■ Exercise: Sift the material for lines containing "roll", and return them.

■ Record extracts:
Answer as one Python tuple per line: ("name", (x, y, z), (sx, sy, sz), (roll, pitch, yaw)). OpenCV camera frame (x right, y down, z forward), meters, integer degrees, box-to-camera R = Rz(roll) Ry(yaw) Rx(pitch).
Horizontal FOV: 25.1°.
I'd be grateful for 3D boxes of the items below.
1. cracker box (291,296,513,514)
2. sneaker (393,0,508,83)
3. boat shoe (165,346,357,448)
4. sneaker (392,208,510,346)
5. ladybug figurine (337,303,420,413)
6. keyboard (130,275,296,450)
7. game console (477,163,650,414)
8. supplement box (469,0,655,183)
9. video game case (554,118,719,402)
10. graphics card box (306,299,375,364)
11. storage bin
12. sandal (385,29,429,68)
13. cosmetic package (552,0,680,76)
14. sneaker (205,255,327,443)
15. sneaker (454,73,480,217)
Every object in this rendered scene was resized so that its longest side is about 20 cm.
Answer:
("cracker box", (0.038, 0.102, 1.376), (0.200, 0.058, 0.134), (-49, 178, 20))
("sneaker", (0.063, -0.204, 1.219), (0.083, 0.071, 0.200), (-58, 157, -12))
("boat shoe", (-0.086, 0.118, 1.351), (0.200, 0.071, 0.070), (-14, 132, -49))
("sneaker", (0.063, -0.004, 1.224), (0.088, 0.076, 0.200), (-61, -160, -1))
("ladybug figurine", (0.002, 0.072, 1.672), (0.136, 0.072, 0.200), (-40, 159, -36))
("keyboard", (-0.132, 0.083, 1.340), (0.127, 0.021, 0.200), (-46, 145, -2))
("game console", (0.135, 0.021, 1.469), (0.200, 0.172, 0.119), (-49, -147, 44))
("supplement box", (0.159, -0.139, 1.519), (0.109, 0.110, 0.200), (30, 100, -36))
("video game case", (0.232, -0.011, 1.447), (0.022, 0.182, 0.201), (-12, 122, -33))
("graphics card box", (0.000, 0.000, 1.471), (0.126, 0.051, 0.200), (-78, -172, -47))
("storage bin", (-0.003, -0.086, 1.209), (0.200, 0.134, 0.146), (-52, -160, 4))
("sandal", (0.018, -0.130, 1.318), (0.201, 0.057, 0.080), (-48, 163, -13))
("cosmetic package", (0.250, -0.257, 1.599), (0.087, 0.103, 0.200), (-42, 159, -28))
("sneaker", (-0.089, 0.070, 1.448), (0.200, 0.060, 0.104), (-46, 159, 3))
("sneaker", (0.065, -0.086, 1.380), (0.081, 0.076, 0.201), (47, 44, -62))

---

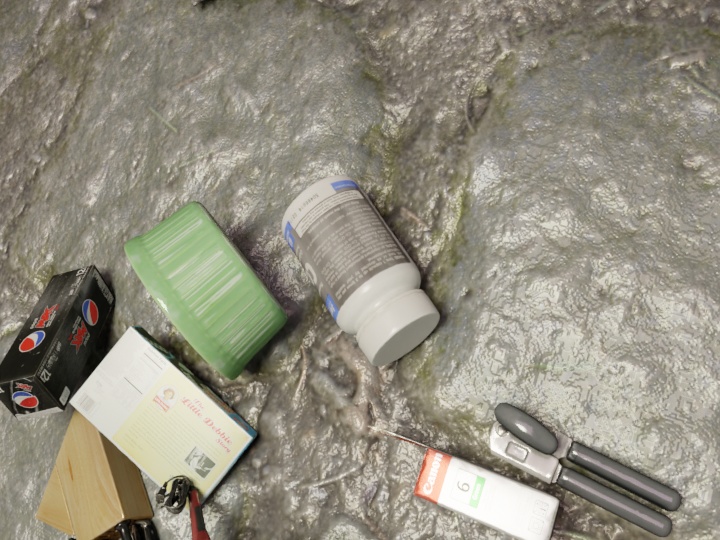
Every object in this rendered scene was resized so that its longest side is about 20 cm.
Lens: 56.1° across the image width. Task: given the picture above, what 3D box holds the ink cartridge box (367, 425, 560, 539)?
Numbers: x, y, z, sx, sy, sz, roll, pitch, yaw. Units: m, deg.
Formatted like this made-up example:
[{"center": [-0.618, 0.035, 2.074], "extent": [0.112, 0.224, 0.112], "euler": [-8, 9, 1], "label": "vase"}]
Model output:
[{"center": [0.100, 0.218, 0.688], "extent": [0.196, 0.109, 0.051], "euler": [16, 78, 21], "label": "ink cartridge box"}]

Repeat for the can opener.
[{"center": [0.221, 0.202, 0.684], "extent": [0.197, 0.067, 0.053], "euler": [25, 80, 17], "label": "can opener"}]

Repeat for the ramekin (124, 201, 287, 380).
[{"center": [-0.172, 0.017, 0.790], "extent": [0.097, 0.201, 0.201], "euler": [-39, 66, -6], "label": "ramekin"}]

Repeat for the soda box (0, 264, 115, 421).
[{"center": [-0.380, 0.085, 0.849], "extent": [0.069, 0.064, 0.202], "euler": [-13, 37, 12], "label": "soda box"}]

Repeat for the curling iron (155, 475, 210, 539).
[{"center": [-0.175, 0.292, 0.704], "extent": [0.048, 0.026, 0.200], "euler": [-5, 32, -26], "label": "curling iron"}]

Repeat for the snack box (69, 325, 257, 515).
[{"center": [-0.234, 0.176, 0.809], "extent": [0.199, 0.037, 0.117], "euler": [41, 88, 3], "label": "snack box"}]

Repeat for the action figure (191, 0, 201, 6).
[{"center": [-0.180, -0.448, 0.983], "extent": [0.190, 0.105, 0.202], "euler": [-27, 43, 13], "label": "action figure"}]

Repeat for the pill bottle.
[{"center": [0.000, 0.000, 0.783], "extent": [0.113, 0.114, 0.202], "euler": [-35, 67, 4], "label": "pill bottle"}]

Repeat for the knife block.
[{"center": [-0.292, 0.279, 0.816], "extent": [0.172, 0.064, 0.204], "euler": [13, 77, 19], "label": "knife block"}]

■ Your solution:
Answer as one Python tuple per line: ("name", (x, y, z), (sx, sy, sz), (roll, pitch, yaw)). OpenCV camera frame (x right, y down, z forward), meters, integer degrees, box-to-camera R = Rz(roll) Ry(yaw) Rx(pitch).
Numbers: x, y, z, sx, sy, sz, roll, pitch, yaw. Units: m, deg.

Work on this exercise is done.